Consistency and predictability

Good leaders (including good parents) should be consistent and predictable with their actions and responses. What kid/employee would want to “walk around on eggshells” everyday, not knowing if their actions are going to make their parent/boss go berserk?

Aim to be consistent in what you say and how you act. Reward the same actions on a day-to-day basis, and punish the same actions on a day-to-day basis. Don’t be so temperamental. Those around you should know, “if I do X, my boss will be pleased with me. But if I do Y, they will not be happy.”

If we set clear expectations from the beginning, and follow through by rewarding/punishing accordingly, everyone will know the rules of the game and understand how they can win.

Five attributes of a great leader

1. Courage. What leader has been great without also showing extreme courage? George Washington, Abraham Lincoln, Theodore Roosevelt, Franklin Roosevelt, Martin Luther King Jr…none of them were perfect (nobody is). But what separates them even from other great leaders is their ability to choose to be courageous when it would be easier to lay down. To be courageous, you must first have a clear understanding of what your core values are and stick to them. When times get tough, you will have a decision to make. Do you stay true to what you say your values are? Or do you let the easier choice make your decision?

2. Confidence. To be a leader, you must display confidence. This is not to say that you will always be confident in your decisions. Nobody knows what the future holds or how your decisions will work out. But, you must not let the unknowns paralyze you from making a decision. Instead, take a reasonable time to do your due diligence – research what experts are saying, ask those whom you respect of their opinions, and inject your own common sense into the equation – then act on it! Be decisive and show confidence in your decision. If you’re not confident in yourself, how can you expect others to have confidence in you? Who wants to follow a leader who is meek and not confident in their actions?

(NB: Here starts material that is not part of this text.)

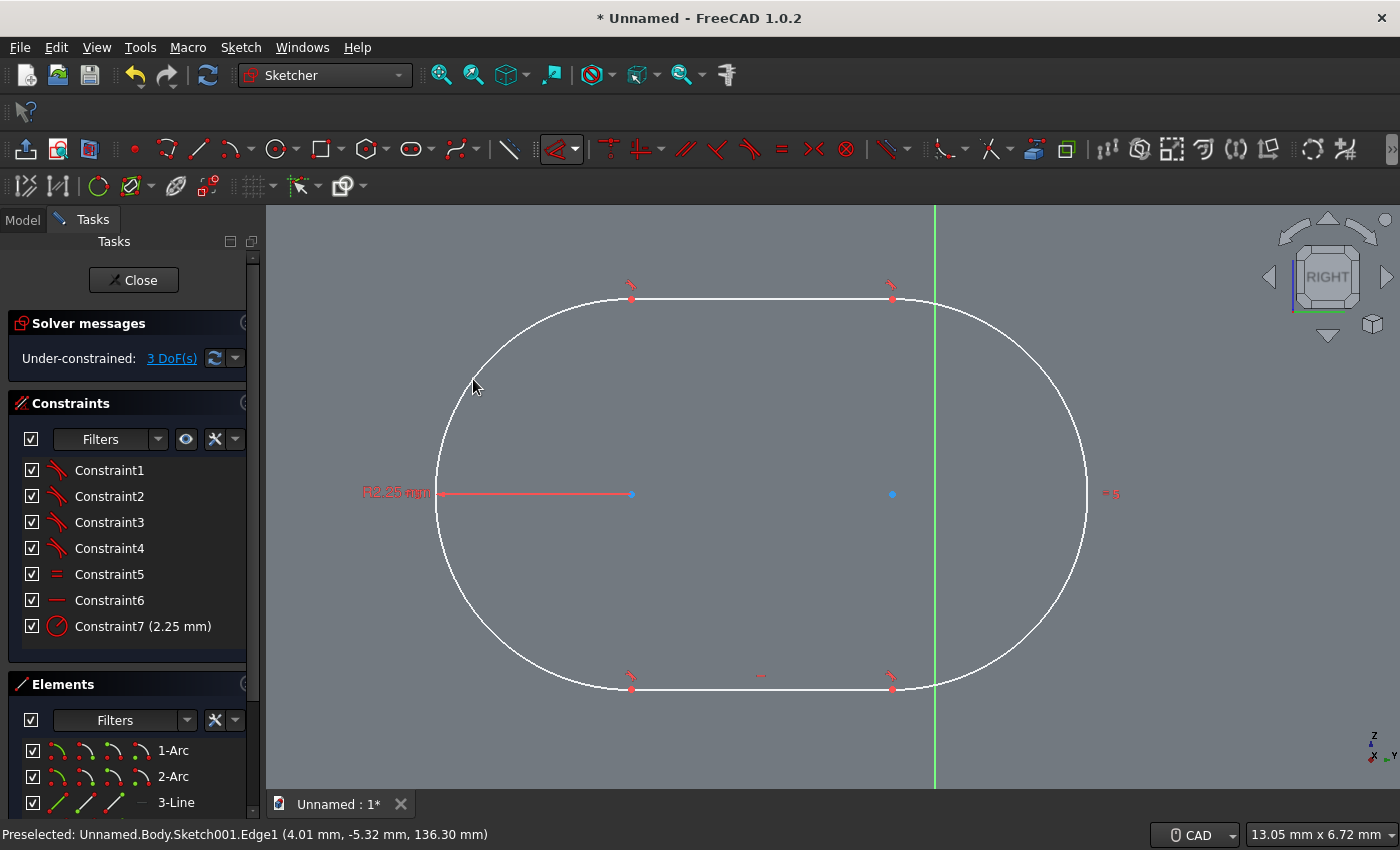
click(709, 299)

It’s easy to look back and say, “I should have done this or that instead.” But the fact of the matter is, you have to make a decision which you feel is best with the information you have at that time. Once you get new information, you can make a different decision. But don’t beat yourself up for not knowing what was unknowable at the time. You will never have all of the answers, so don’t wait to act until you have them. Perfection is the enemy of progress. Done is better than perfect. Be confident and unapologetic in your decisions.

3. Poise. Leaders are poised. They are calm under pressure. They don’t panic. They don’t lose their cool. They do not point fingers or play the blame game. When things get tough, they buckle down. They figure out what the real issue is (not just attacking the surface problem, only for another related problem to pop up…they go deeper to try to get to the root cause and eliminate it). They figure out who needs to do what and when it needs to be completed. They can explain the importance of why it needs to be done and delegate it to others to complete. They might give guidance on how to accomplish it, but they don’t micromanage. Micromanaging kills autonomy and sabotages morale. Leaders understand that people want direction, but they want the freedom to do it their own way. Giving someone that freedom shows you respect them and believe in them enough to get the job done on their own terms.

4. Abundance mindset. Leaders have an abundance mindset, not a scarcity mindset. Instead of looking at others who are successful and being jealous of them, they see them and try to figure how they can emulate and expand upon their successes. Competition leads to innovation.

5. Discipline. Leaders are disciplined and gritty. They understand that in order to consistently produce the results they want, they have to put in focused effort day-in and day-out. True success – success that lasts – requires more than a “one and done” kind of approach. You can’t expect to be great if you never practice. You have to continuously work to be better, to become more efficient, to look for new ways of solving problems. When you don’t feel like doing something important, do it anyways. Find your discipline muscle and use it. And when things don’t go your way, be gritty enough to keep at it. You can allow yourself to be temporarily discouraged, but use that as fuel to overcome the obstacles you’re facing.

The key to greatness

To be great, you have to be consistent. ​
To be great, you have to be consistent.

To be great, you have to be consistent. You have to be disciplined. You may have natural talent/ability, but without nurturing it and growing it through consistent effort, you will never achieve true greatness.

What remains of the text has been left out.